At the heart of the mitzvah stands דָּבָר — speech — because Torah treats words as morally consequential acts. רכילות reveals that language does not merely describe relationships after the fact; it actively reshapes them. A Jew formed by this mitzvah becomes more aware that what exits the mouth can either preserve human dignity or quietly erode it.

Gossip/Slander - לָשׁוֹן הָרָע

Although רכילות and לשון הרע are not identical categories, this canonical tag rightly belongs here because the mitzvah lives within Torah’s broader system of forbidden speech. The shared principle is that speech may be true and still be prohibited when it degrades, harms, circulates disgrace, or destabilizes relationships.

Between a person and their fellow - בֵּין אָדָם לַחֲבֵרוֹ

This mitzvah is a direct expression of בין אדם לחברו because it governs how one Jew handles another Jew’s name, dignity, and relational standing. The prohibition teaches that responsibility to others includes not only what one does to them physically or financially, but what one sets in motion about them verbally.

Community – קְהִלָּה

קהילה is protected by this mitzvah because no community can remain healthy when private tensions are constantly verbalized into public circulation. Tale-bearing turns ordinary weakness into shared distrust. Restraint in speech therefore becomes one of the hidden foundations of communal stability.

Kindness - חֶסֶד

A deeper layer of חסד appears when a person refuses to turn another Jew’s vulnerability into material for conversation. Kindness here is not dramatic generosity but disciplined refusal to exploit access, knowledge, or grievance at someone else’s expense.

Thought – מַחֲשָׁבָה

The mitzvah engages מחשבה because harmful speech is usually born before it is spoken. One first interprets, frames, edits, and relives an event inwardly; only then does it travel outward. Guarding against רכילות therefore requires a more governed inner life, not only a more controlled tongue.

Justice – צֶדֶק

There is a quiet demand of צדק within this prohibition. Gossip often presents a partial truth as though it were the whole truth, or relocates information into a setting where it cannot be fairly received. The mitzvah trains a person away from that distortion and toward a more just handling of another human being’s reality.

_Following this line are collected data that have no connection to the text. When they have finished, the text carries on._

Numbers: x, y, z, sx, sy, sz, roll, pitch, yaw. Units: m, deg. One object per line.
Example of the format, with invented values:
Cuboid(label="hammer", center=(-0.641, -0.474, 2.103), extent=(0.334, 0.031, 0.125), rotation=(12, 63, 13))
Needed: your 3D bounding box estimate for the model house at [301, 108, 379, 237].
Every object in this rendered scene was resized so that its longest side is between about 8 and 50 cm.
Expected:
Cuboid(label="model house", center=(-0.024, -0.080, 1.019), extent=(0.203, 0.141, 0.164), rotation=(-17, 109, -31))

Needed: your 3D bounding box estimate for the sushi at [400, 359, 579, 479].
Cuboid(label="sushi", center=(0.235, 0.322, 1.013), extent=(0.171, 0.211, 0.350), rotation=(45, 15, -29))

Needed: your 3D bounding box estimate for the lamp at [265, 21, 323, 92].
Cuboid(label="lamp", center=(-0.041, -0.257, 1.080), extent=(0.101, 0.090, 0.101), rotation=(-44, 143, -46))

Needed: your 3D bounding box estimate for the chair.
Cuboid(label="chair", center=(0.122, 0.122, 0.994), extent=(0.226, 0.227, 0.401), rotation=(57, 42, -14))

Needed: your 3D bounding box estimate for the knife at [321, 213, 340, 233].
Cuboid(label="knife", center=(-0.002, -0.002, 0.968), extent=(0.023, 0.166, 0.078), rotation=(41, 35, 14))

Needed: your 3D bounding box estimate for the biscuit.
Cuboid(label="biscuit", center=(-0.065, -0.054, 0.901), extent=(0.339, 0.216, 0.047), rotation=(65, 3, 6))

Reverence – יִרְאַת שָׁמַיִם

Yiras Shamayim enters here because a person restrains gossip precisely when he knows that Heaven judges speech even when society excuses it. The prohibition educates conscience to remain active in moments that feel casual, private, and socially unimportant.

Holiness – קְדֻשָּׁה

Its location in Kedoshim teaches that קדושה includes the sanctification of social space. Holiness is not only achieved through ritual precision or private elevation. It also depends on whether human speech makes a camp fit for the Shechinah or unfit for trust.

Humility - עֲנָוָה

ענוה is strengthened when a person no longer assumes he has the right to carry, interpret, and redistribute every piece of human information that passes before him. Tale-bearing usually rests on an inflated sense of one’s entitlement to speak. Humility places a boundary there.